On the Existence of Uniformly Most Powerful Bayesian Tests With Application to Non-Central Chi-Squared Tests
Amir Nikooienejad, Valen E. Johnson

TL;DR
This paper extends the concept of uniformly most powerful Bayesian tests (UMPBTs) beyond exponential family models, providing conditions for their existence and applying them to non-central chi-squared tests for broader statistical testing.
Contribution
It introduces sufficient conditions for UMPBT existence and develops a unified approach, extending their application to non-central chi-squared tests and related hypothesis testing scenarios.
Findings
UMPBTs can be matched to classical tests for calibration.
Extended UMPBTs to non-central chi-squared tests.

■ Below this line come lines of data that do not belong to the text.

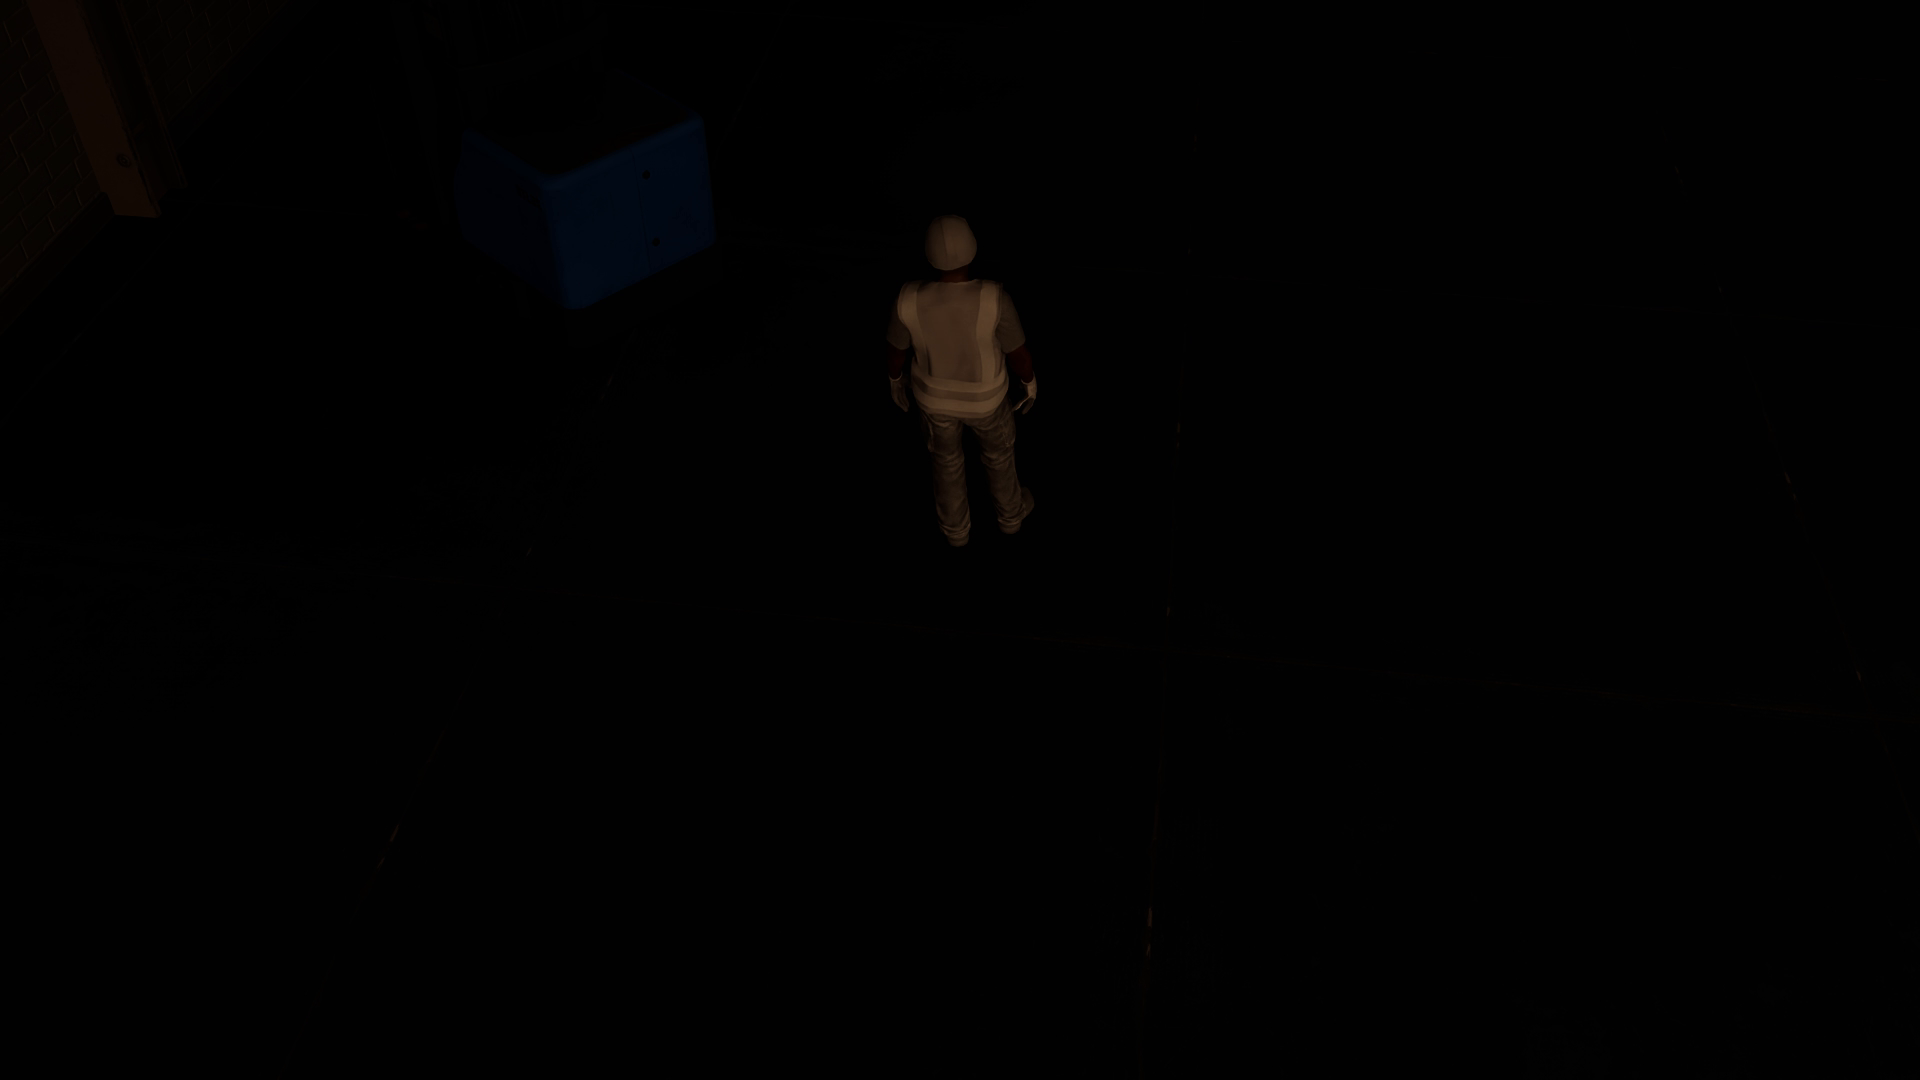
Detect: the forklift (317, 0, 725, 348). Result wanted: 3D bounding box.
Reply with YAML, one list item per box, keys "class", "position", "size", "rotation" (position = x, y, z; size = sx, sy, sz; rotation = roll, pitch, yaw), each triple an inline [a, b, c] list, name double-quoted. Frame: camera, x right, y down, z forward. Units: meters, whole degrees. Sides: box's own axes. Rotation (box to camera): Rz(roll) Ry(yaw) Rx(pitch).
- class: "forklift"
  position: [-2.731, -2.996, 8.986]
  size: [3.031, 2.935, 1.130]
  rotation: [34, 52, 31]

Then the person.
- class: "person"
  position: [0.017, -0.710, 7.335]
  size: [0.656, 1.784, 0.575]
  rotation: [5, 43, 6]
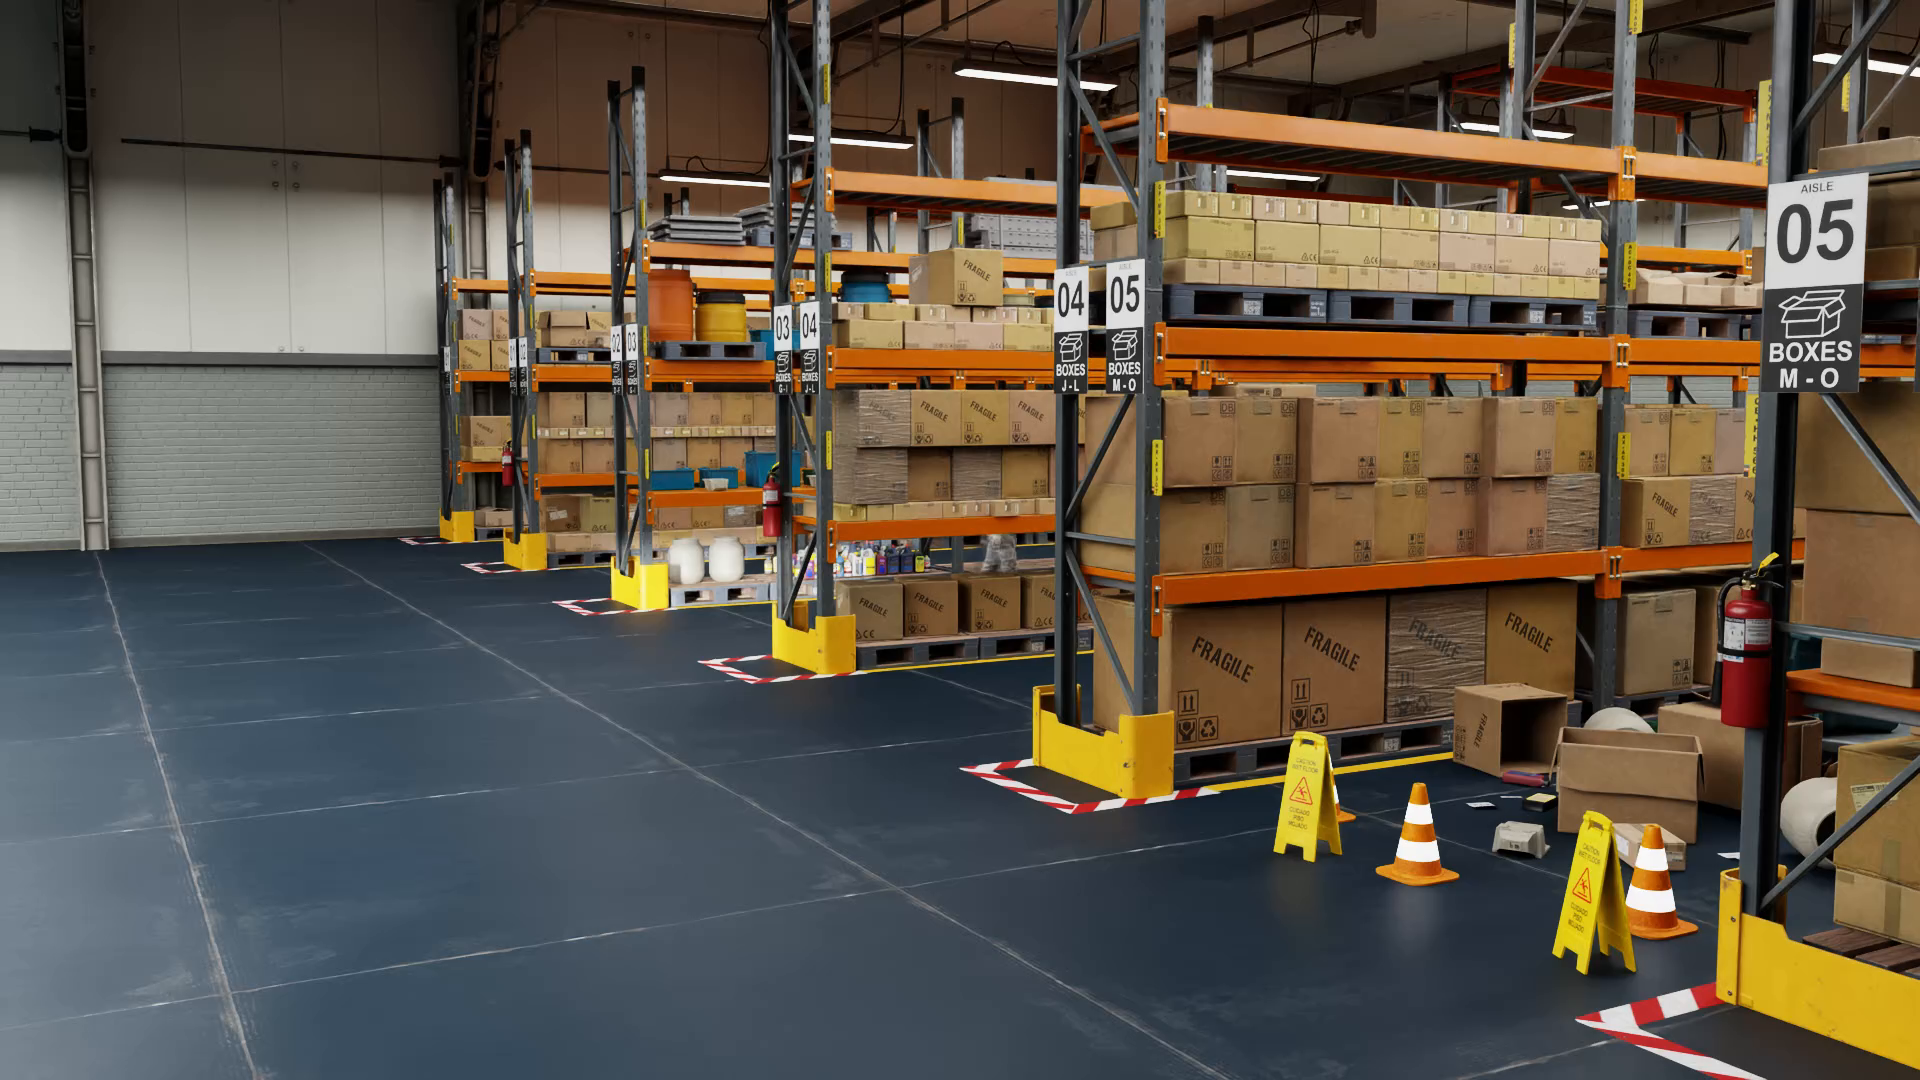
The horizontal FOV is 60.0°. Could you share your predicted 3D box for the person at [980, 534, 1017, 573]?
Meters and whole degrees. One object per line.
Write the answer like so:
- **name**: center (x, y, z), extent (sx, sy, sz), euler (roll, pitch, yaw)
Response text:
- **person**: center (0.457, -0.064, 18.261), extent (0.669, 1.797, 0.638), euler (0, 5, 2)

Applicable to goodness-of-fit, independence, and likelihood ratio tests.
Abstract
Uniformly most powerful Bayesian tests (UMPBT's) are an objective class of Bayesian hypothesis tests that can be considered the Bayesian counterpart of classical uniformly most powerful tests. Because the rejection regions of UMPBT's can be matched to the rejection regions of classical uniformly most powerful tests (UMPTs), UMPBT's provide a mechanism for calibrating Bayesian evidence thresholds, Bayes factors, classical significance levels and p-values. The purpose of this article is to expand the application of UMPBT's outside the class of exponential family models. Specifically, we introduce sufficient conditions for the existence of UMPBT's and propose a unified approach for their derivation. An important application of our methodology is the extension of UMPBT's to testing whether the non-centrality parameter of a chi-squared distribution is zero. The resulting tests have broad…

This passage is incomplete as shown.